Pollen morphological characteristics

As the carrier of the sperm cells of flowering plants, pollen is morphologically stable. Plants can be classified according to the morphological structure and surface ornamentation of the pollen. Changes in pollen morphology are also closely related to changes in pollen viability and can therefore be used as an important reference indicator for parental selection in crossbreeding. Srisuwan et al. [15] observed the morphological structure of pollen under an SEM in 10 Ipomoea spp. and found that all the pollen grains of these Ipomoea spp. were spherical and pantoporate, with four to six spines around each pore. The pollen grains of two sweetpotato genotypes, PI 318846 and PI 508520, were 97.9 ± 14.8 μm and 90.9 ± 4.1 μm in diameter, and the spines were 5 μm long. This is similar to the observations in this study, and the slight discrepancy, respectively, may be caused by the method of pollen treatment.

Screening and optimisation of the initial medium

A reliable in vitro pollen germination medium allows for the accurate determination of pollen viability and is important for improving the practice and efficiency of crop genetic breeding and germplasm innovation. Different plants have different requirements for pollen germination media, but the components of the media are similar. Water is usually used as the solvent with certain solutes, such as Sucrose, PEG, Boric acid, Calcium nitrate, Magnesium sulphate and Potassium nitrate. Some plants even require the addition of plant growth hormones to promote pollen germination [14, 16,17,18].

In this study, ten pollen germination media applied in other plants were selected for sweetpotato pollen germination by pre-experimentation. The highest germination rate was obtained in the in vitro wheat pollen germination medium (Fig. 2). We simplified it by only using Sucrose, PEG4000, Boric acid and Calcium nitrate. The results showed that the germination rate of pollen in the simplified medium was not significantly different from that without simplification (Fig. 2).

The pH level of the medium is an important factor influencing the rate of in vitro pollen germination [19]. Setting a suitable pH level during in vitro pollen germination can improve the germination rate. Boavida and McCormick [20] reported that the germination rate of Arabidopsis pollen was only 50–60% in a medium at pH 7.0–7.5. When the pH level was increased to 7.5–8.0, the pollen germination rate increased to 70–80%. Burke et al. [21] found that the pH levels tested did not have a significant effect on cotton pollen germination rates in vitro. In our study, pollen germination rates were significantly higher at pH ≥ 5.5 than at pH ≤ 5.0 (Table 2). Rodriguez-Enriquez et al. [22] observed that germination rates increased with increasing pH and peaked at pH = 8.5 when performing in vitro pollen germination in Arabidopsis thaliana. In our results, there was no significant difference between the three treatments with pH ≥ 5.5, although germination rates peaked at pH = 6.0.

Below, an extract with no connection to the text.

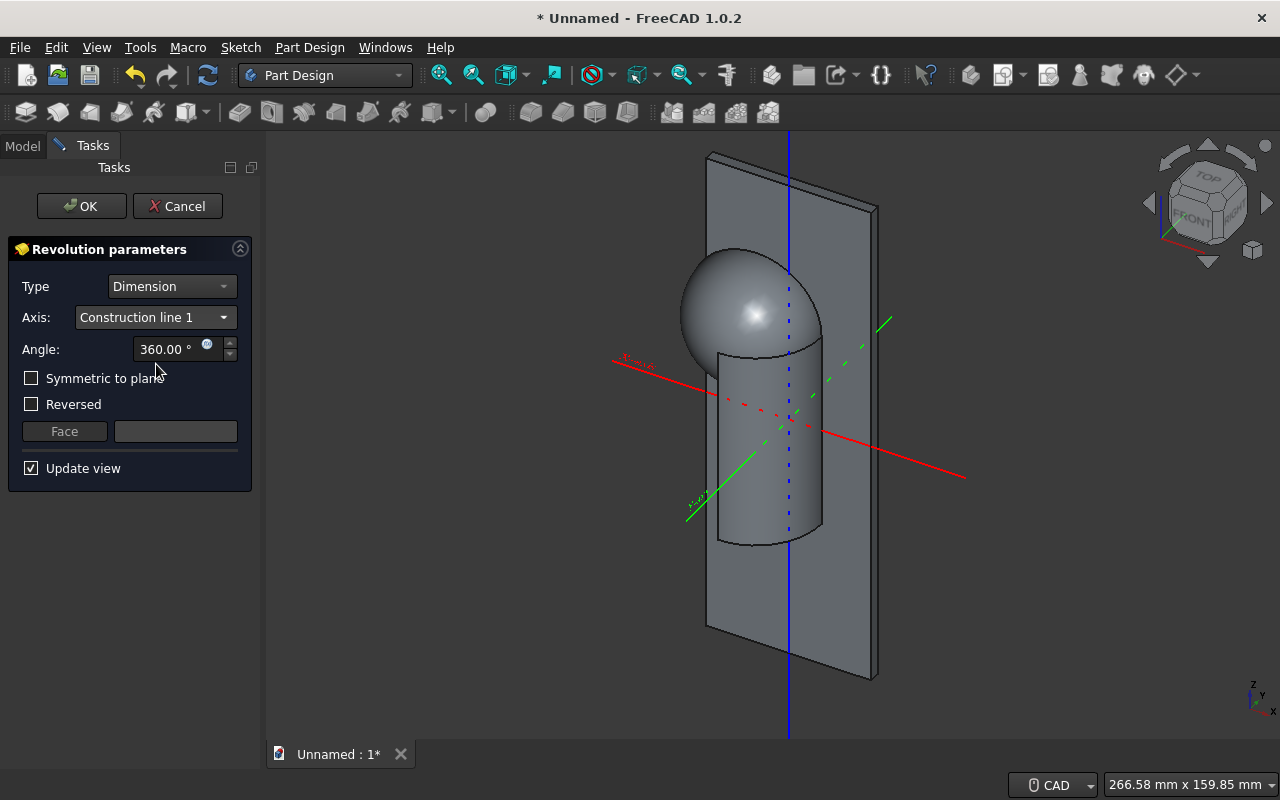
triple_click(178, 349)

The addition of Sucrose and PEG to the medium can promote pollen germination [23]. Sucrose in the medium provides energy for pollen germination, while Sucrose also regulates the osmotic pressure of the solution together with PEG. PEG is an osmoregulator that is not metabolised by pollen, regulates the permeability of the plasma membrane and reduces pollen rupture [24]. Lin et al. [25] reported that an appropriate Sucrose concentration could promote pollen germination in oil palms, while an excessive Sucrose concentration inhibited pollen germination. In our experiments, the highest germination rates were obtained at a concentration of 50 g/L for both Sucrose and PEG tested separately (Tables 3 and 4), and the germination rates decreased with increasing concentrations above 50 g/L.

Boron is essential for pollen tube formation, and the addition of low concentrations of boron to the medium can promote pollen germination [26,27,28]. Obermeyer et al. [29] found that low concentrations of Boric acid stimulated H+-ATPase activity in the plasma membrane, accelerating ATP hydrolysis and H+ transport and thus promoting lily pollen germination and pollen tube formation. This is consistent with our results, where pollen germination rates were significantly higher in the four treatments to which Boric acid was added (Table 5) than in the treatment without Boric acid.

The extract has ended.